*Required work*.
Check each line of the records below and collect those that include the word "Task".
START Supplied information
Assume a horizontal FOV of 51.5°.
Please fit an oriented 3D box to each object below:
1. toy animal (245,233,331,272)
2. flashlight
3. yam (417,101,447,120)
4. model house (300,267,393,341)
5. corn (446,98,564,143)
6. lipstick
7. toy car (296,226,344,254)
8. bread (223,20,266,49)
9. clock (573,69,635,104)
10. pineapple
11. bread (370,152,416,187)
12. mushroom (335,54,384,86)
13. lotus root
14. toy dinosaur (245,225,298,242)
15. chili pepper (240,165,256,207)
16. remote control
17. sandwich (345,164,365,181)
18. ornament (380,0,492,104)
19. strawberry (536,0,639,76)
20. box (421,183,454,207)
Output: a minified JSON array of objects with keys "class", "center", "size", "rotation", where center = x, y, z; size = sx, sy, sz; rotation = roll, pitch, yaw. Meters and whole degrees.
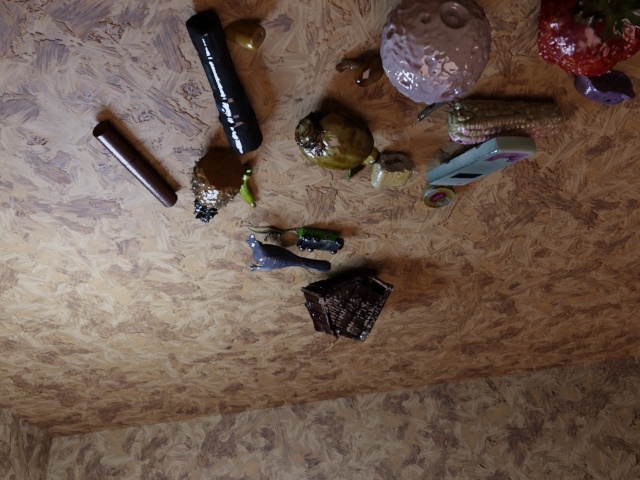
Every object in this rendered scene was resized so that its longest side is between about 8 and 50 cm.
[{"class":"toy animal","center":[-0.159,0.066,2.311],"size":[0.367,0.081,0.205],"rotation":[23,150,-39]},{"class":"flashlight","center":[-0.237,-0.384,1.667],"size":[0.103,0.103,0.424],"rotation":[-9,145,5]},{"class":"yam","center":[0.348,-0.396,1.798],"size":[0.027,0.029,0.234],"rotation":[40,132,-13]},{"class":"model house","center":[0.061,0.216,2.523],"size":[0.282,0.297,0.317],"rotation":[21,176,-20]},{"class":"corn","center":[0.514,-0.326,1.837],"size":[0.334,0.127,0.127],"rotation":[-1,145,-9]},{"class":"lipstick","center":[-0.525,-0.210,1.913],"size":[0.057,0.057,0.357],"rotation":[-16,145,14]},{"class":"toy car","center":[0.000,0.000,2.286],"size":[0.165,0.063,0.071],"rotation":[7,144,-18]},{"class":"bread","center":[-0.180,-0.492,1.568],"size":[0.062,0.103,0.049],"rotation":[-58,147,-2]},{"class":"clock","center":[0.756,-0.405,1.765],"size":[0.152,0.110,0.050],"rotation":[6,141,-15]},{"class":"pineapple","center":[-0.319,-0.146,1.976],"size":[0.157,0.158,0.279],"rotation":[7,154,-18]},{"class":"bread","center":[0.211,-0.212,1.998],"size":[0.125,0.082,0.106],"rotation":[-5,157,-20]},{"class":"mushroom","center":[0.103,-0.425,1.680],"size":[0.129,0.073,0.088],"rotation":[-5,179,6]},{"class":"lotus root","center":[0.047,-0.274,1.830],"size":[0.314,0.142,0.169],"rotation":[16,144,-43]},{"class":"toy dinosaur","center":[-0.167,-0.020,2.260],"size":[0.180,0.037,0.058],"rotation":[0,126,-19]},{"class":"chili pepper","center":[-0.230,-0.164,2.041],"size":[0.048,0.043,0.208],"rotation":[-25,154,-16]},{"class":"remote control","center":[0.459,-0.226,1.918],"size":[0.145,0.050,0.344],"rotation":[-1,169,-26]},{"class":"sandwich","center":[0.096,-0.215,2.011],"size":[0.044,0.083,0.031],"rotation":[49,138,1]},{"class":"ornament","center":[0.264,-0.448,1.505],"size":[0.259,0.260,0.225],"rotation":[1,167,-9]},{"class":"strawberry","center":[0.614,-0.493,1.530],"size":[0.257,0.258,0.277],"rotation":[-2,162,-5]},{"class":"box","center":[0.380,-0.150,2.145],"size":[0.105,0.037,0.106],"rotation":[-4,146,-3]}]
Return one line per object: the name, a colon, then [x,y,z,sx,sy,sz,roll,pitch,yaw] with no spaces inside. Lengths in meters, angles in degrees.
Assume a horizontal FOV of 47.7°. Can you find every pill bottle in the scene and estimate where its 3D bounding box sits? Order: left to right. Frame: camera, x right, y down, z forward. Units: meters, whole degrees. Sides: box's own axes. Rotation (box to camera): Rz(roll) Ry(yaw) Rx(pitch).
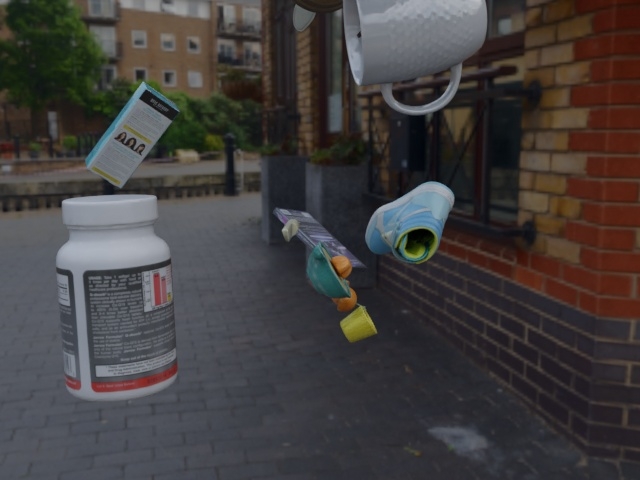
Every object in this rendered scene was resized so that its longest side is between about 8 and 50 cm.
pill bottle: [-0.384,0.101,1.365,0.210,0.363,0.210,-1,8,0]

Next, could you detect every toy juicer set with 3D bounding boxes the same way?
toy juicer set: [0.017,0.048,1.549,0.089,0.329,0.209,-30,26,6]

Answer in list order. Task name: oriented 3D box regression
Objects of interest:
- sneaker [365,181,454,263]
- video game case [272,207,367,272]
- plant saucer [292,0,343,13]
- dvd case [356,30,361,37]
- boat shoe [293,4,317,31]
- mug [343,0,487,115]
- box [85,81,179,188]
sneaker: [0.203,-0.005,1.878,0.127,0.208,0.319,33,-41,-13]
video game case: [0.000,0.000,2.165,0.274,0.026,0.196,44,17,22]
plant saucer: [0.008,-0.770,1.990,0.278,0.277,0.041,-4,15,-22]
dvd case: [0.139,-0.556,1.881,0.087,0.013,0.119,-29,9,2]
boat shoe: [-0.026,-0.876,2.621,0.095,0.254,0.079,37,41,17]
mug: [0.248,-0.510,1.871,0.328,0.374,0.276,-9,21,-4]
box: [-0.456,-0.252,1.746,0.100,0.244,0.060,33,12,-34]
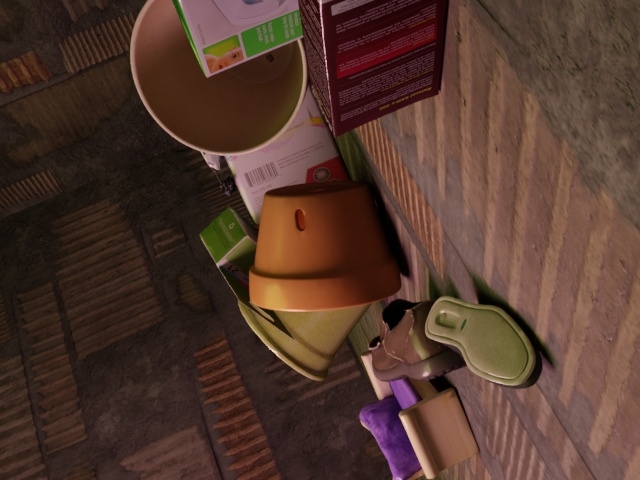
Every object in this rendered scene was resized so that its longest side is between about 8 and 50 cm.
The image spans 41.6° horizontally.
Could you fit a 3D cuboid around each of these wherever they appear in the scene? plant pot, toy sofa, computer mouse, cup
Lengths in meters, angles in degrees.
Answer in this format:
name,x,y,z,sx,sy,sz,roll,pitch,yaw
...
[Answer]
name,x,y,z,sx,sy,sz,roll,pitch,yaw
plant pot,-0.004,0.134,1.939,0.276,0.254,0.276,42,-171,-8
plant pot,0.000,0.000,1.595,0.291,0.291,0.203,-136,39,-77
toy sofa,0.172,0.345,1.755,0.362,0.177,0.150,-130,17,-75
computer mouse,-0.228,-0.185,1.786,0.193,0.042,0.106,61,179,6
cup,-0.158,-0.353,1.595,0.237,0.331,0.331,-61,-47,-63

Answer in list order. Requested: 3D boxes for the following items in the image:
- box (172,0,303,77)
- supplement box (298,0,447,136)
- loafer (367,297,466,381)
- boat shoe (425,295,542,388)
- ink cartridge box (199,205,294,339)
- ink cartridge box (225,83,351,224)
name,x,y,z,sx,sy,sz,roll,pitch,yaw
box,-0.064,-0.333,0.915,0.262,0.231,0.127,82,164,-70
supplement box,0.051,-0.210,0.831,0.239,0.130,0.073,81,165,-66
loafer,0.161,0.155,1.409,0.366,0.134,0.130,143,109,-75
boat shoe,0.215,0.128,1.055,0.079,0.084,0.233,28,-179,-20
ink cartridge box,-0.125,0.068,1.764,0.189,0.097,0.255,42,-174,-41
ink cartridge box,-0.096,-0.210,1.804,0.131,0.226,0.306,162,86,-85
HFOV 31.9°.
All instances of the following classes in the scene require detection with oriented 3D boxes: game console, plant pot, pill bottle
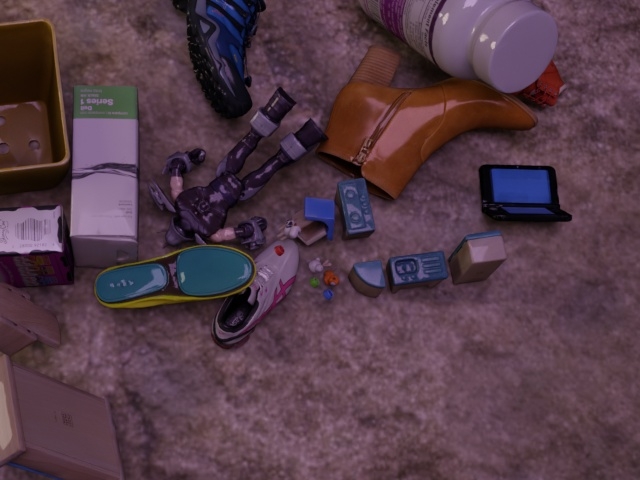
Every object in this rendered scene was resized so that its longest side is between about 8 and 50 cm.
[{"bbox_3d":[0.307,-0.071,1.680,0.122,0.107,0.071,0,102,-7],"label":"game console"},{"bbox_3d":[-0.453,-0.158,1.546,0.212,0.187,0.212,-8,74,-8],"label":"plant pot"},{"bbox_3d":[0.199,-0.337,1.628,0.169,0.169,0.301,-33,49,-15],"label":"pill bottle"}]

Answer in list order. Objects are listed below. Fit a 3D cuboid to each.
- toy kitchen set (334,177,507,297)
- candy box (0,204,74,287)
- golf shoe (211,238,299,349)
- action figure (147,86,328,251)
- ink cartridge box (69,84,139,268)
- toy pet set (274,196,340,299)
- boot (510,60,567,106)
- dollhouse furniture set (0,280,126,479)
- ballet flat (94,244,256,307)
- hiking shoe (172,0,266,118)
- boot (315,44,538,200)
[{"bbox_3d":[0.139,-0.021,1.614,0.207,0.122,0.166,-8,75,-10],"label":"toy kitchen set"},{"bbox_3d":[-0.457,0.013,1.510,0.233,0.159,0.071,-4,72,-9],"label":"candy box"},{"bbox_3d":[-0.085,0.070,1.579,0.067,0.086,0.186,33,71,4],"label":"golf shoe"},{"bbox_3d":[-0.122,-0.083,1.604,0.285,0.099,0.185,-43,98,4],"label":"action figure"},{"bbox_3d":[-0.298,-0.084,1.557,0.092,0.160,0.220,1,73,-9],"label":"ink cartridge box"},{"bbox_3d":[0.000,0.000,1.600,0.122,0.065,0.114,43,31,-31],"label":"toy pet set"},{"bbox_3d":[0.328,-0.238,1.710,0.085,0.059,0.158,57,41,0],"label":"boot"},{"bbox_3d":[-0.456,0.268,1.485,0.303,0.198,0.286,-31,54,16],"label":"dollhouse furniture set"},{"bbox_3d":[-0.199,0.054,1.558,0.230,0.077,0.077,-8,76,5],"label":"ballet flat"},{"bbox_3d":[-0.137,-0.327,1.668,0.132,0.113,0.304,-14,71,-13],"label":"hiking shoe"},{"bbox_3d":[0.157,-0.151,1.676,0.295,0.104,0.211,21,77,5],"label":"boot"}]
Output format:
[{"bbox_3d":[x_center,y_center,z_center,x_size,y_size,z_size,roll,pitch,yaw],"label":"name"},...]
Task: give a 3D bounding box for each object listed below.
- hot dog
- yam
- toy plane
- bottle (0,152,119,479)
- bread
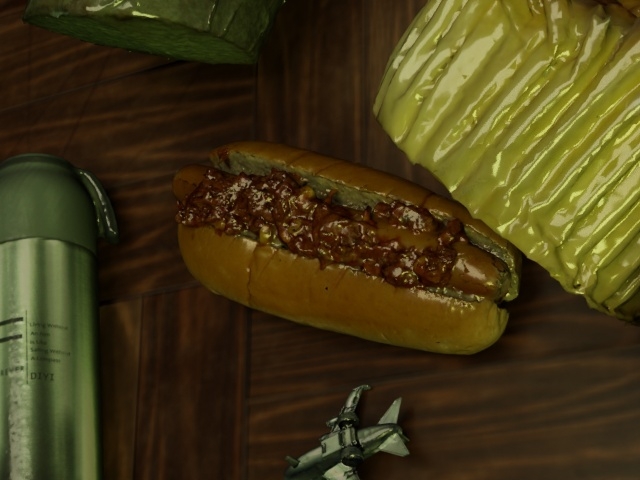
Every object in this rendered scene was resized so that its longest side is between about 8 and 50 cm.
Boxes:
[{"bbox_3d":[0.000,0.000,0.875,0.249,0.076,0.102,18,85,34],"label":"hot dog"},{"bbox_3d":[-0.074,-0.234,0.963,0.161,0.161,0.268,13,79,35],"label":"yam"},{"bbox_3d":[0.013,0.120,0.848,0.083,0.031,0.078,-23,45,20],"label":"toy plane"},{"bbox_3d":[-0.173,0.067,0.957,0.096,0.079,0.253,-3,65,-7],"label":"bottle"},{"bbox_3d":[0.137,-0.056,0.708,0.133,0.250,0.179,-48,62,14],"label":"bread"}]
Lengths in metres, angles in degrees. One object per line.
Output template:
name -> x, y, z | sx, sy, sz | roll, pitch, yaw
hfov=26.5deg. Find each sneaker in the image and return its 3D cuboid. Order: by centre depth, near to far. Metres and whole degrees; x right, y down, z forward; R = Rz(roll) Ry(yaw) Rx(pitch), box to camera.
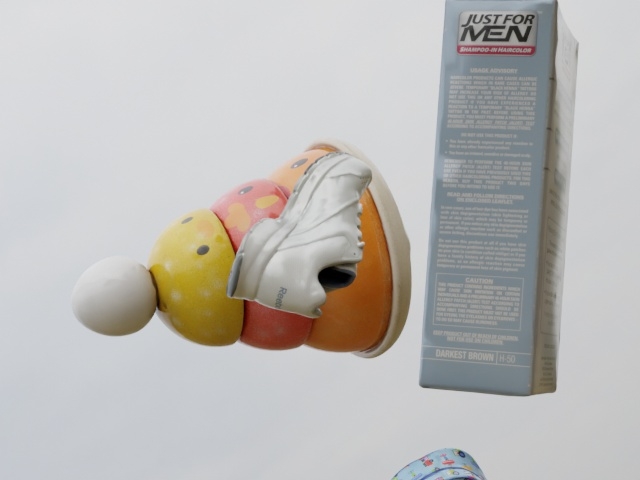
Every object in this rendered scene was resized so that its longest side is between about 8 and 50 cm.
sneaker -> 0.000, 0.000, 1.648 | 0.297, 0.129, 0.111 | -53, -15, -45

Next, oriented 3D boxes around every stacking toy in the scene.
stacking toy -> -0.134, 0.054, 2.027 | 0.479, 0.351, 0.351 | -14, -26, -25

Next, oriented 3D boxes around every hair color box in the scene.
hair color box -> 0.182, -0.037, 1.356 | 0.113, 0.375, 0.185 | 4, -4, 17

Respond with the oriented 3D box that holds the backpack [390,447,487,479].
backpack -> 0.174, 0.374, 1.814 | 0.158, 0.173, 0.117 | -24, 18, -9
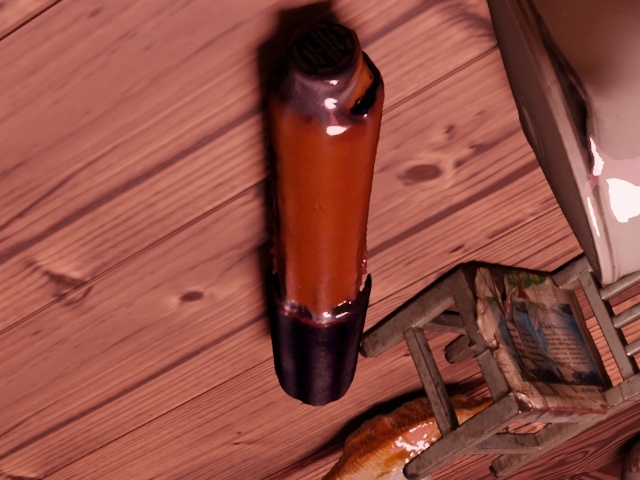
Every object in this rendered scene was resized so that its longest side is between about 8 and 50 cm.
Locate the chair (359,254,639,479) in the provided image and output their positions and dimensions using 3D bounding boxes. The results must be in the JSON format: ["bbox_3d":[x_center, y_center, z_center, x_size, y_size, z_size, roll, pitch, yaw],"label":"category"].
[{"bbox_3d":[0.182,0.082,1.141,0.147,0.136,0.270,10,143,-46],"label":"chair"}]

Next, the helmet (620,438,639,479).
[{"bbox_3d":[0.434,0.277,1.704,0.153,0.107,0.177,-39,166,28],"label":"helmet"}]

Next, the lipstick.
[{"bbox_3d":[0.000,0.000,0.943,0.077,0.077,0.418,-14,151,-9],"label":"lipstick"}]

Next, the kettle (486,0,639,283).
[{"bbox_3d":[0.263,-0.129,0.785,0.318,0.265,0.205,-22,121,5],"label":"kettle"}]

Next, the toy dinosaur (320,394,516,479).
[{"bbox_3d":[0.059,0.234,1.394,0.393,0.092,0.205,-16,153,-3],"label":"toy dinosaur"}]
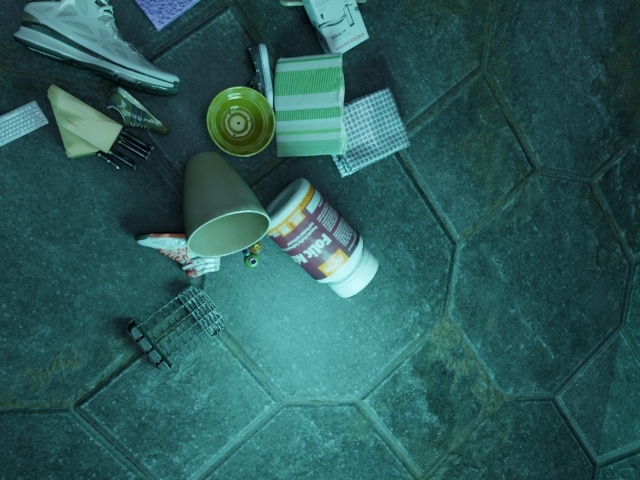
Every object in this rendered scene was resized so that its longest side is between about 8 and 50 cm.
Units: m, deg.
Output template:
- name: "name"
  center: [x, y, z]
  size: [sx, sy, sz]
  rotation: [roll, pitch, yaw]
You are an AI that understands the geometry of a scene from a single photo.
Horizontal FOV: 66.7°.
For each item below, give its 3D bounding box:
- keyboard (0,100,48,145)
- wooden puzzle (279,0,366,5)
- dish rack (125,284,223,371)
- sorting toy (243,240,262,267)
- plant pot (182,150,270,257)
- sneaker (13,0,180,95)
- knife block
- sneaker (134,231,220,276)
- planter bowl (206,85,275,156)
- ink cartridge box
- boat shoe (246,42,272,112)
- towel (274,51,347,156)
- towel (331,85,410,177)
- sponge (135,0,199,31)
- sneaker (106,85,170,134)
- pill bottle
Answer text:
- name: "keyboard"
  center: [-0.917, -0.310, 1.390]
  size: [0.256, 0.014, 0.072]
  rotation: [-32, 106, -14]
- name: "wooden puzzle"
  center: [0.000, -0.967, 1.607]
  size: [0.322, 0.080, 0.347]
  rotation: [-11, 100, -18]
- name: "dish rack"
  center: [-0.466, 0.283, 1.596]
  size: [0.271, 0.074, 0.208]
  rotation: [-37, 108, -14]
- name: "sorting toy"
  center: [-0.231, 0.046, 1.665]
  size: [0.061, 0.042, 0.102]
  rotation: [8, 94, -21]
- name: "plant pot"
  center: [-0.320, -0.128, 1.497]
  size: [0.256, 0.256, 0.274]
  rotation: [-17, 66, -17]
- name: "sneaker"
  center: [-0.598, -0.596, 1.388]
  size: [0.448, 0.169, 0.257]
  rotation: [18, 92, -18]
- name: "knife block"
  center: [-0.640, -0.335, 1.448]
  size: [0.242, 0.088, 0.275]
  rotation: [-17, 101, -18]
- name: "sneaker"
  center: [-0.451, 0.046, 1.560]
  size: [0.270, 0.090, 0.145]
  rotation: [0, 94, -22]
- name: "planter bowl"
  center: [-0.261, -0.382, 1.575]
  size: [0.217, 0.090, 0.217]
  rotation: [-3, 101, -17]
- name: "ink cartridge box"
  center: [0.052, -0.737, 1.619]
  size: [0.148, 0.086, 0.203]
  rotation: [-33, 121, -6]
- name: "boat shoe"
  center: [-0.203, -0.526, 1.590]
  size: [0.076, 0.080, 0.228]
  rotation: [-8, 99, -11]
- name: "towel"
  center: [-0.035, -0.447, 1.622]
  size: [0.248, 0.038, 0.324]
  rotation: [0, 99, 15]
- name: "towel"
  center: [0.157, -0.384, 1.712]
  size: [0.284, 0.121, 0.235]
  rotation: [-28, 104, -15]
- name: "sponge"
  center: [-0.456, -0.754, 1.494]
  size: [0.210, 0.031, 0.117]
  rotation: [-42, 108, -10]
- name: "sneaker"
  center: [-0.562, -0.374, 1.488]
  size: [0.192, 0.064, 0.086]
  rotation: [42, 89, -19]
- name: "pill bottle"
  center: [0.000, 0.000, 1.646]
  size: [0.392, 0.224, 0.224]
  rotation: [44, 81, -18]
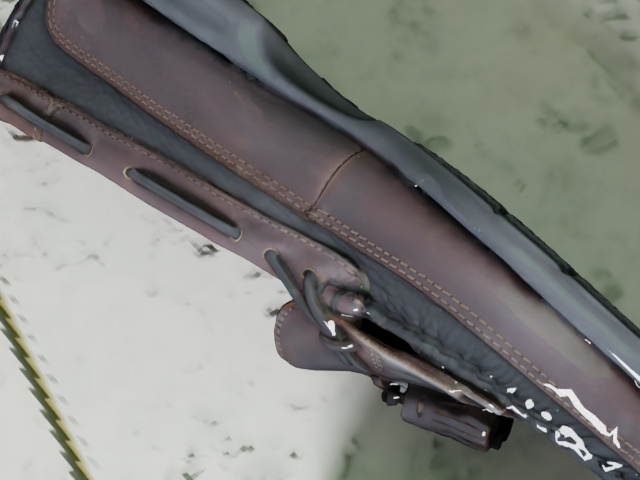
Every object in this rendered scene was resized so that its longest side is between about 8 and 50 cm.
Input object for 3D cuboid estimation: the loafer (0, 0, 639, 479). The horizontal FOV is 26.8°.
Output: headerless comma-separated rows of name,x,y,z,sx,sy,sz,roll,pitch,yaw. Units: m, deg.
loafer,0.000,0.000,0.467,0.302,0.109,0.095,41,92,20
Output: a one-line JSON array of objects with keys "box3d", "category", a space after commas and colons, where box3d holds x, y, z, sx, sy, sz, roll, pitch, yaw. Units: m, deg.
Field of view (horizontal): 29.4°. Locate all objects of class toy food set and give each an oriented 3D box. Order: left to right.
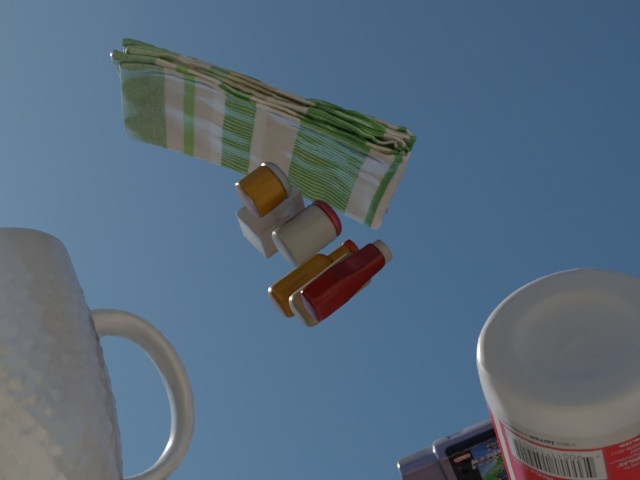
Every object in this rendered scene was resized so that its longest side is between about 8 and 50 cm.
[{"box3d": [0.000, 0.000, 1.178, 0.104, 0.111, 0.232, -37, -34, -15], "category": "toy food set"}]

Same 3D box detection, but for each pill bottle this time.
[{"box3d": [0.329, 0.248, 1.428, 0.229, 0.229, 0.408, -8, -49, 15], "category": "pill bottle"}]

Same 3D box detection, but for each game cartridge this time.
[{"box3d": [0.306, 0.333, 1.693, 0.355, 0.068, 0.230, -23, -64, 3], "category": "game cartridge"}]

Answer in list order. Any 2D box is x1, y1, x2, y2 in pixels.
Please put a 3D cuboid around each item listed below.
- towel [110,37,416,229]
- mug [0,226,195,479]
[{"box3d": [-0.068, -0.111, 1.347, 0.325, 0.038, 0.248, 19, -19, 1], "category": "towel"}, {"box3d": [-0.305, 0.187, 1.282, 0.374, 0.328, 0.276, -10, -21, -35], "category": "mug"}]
END Supplied information
*Solved problem*.
Answer in list order. Task name: oriented 3D box regression
Task: give a 3D bounding box for each object listed below.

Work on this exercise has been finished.